### Dataset ###

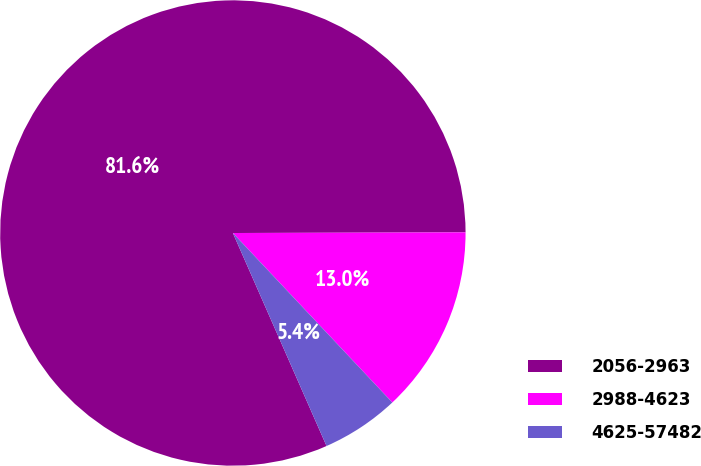Convert chart. <chart><loc_0><loc_0><loc_500><loc_500><pie_chart><fcel>2056-2963<fcel>2988-4623<fcel>4625-57482<nl><fcel>81.55%<fcel>13.03%<fcel>5.42%<nl></chart> 
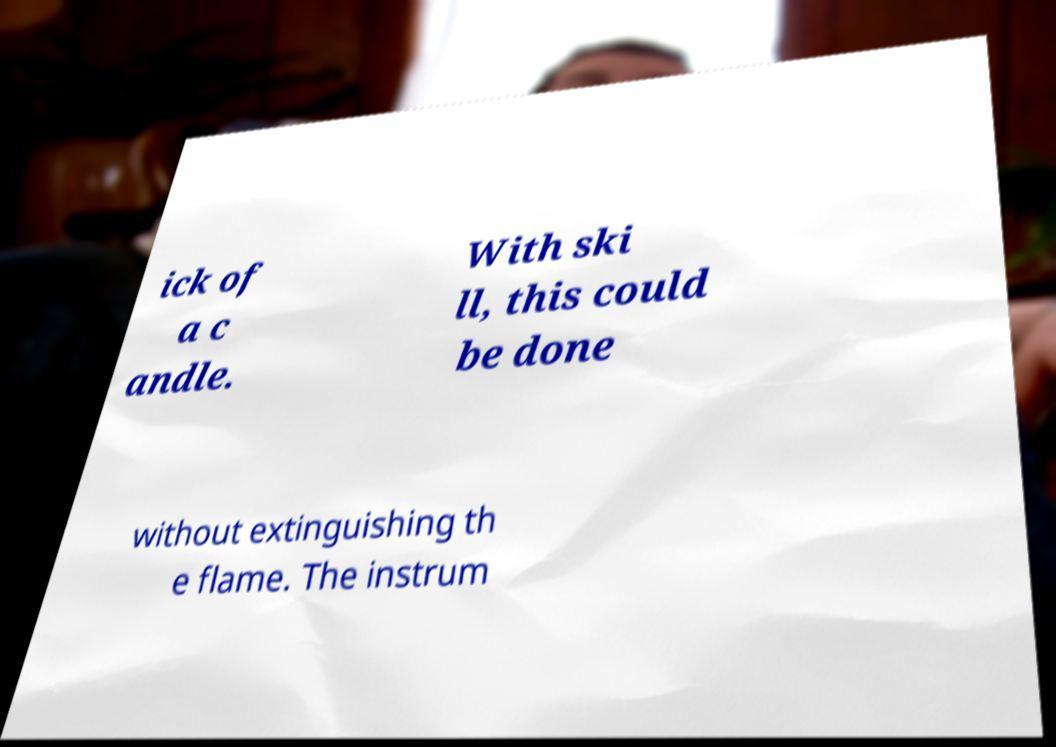For documentation purposes, I need the text within this image transcribed. Could you provide that? ick of a c andle. With ski ll, this could be done without extinguishing th e flame. The instrum 
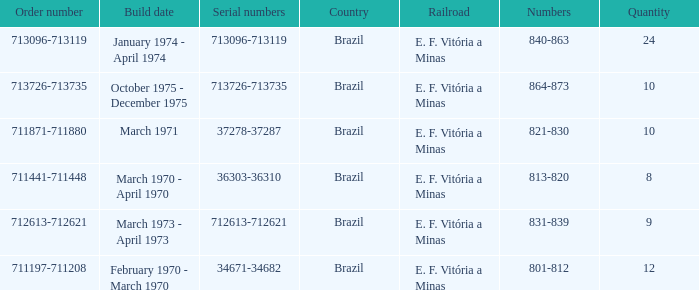Can you parse all the data within this table? {'header': ['Order number', 'Build date', 'Serial numbers', 'Country', 'Railroad', 'Numbers', 'Quantity'], 'rows': [['713096-713119', 'January 1974 - April 1974', '713096-713119', 'Brazil', 'E. F. Vitória a Minas', '840-863', '24'], ['713726-713735', 'October 1975 - December 1975', '713726-713735', 'Brazil', 'E. F. Vitória a Minas', '864-873', '10'], ['711871-711880', 'March 1971', '37278-37287', 'Brazil', 'E. F. Vitória a Minas', '821-830', '10'], ['711441-711448', 'March 1970 - April 1970', '36303-36310', 'Brazil', 'E. F. Vitória a Minas', '813-820', '8'], ['712613-712621', 'March 1973 - April 1973', '712613-712621', 'Brazil', 'E. F. Vitória a Minas', '831-839', '9'], ['711197-711208', 'February 1970 - March 1970', '34671-34682', 'Brazil', 'E. F. Vitória a Minas', '801-812', '12']]} What are the numbers for the order number 713096-713119? 840-863. 
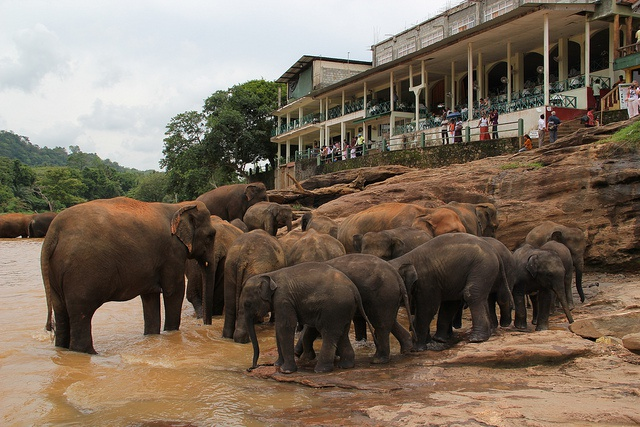Describe the objects in this image and their specific colors. I can see elephant in white, black, maroon, and gray tones, elephant in white, black, gray, and maroon tones, elephant in white, black, gray, and maroon tones, elephant in white, black, maroon, and gray tones, and elephant in white, black, gray, and maroon tones in this image. 
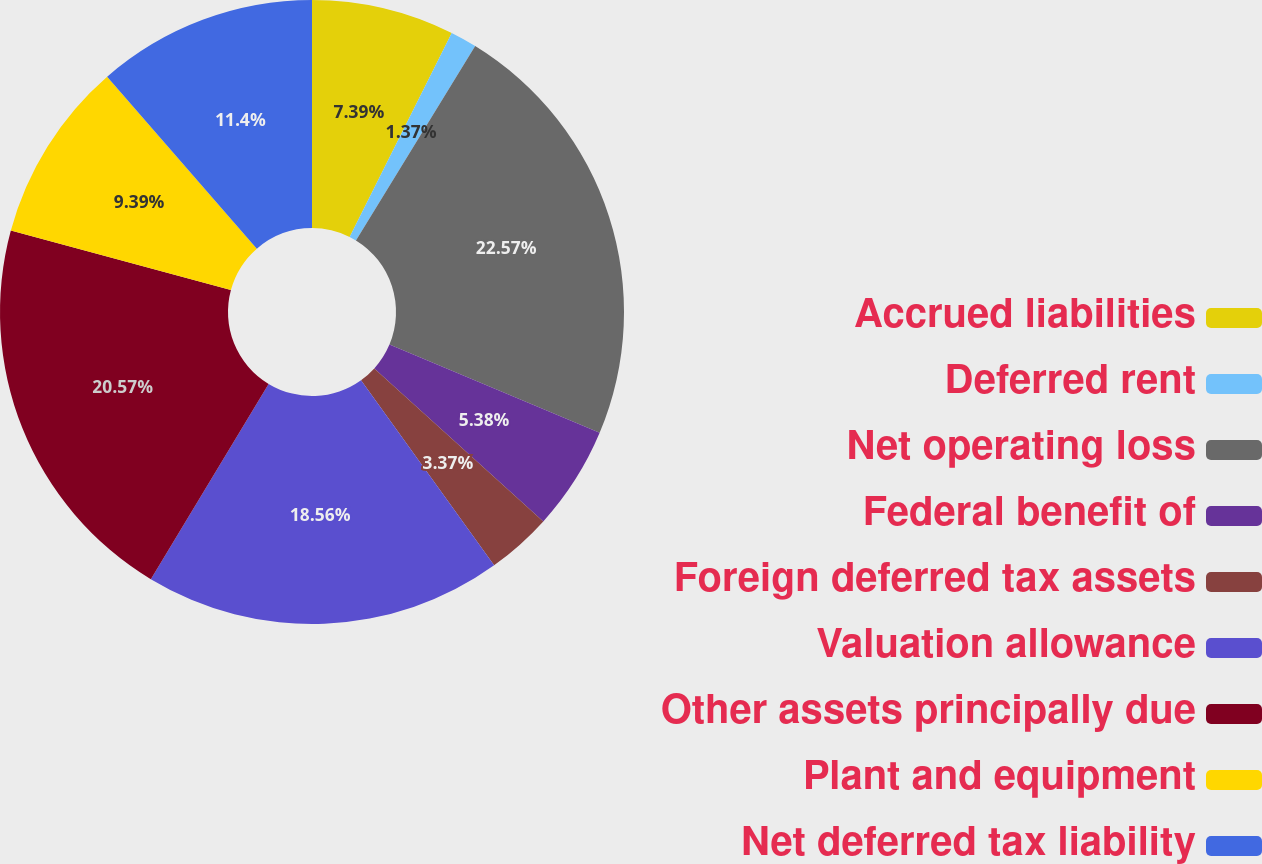Convert chart to OTSL. <chart><loc_0><loc_0><loc_500><loc_500><pie_chart><fcel>Accrued liabilities<fcel>Deferred rent<fcel>Net operating loss<fcel>Federal benefit of<fcel>Foreign deferred tax assets<fcel>Valuation allowance<fcel>Other assets principally due<fcel>Plant and equipment<fcel>Net deferred tax liability<nl><fcel>7.39%<fcel>1.37%<fcel>22.57%<fcel>5.38%<fcel>3.37%<fcel>18.56%<fcel>20.57%<fcel>9.39%<fcel>11.4%<nl></chart> 
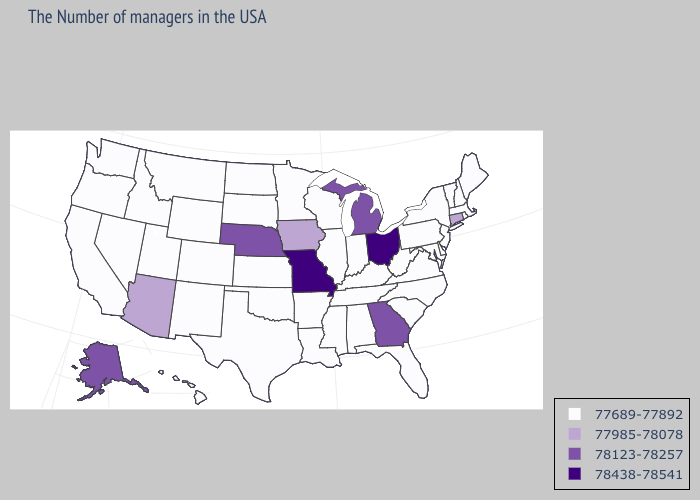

###

§ **Requirement**
Where pictures appear, drop them, and reproduce exactly only the lines running from the beginning of the data to the line that contains "For documentation purposes, I", inclusive.

§ **The answer**
Convert chart. <chart><loc_0><loc_0><loc_500><loc_500><pie_chart><fcel>2056-2963<fcel>2988-4623<fcel>4625-57482<nl><fcel>81.55%<fcel>13.03%<fcel>5.42%<nl></chart> 
For documentation purposes, I need the text within this image transcribed. Could you provide that? ick of a c andle. With ski ll, this could be done without extinguishing th e flame. The instrum 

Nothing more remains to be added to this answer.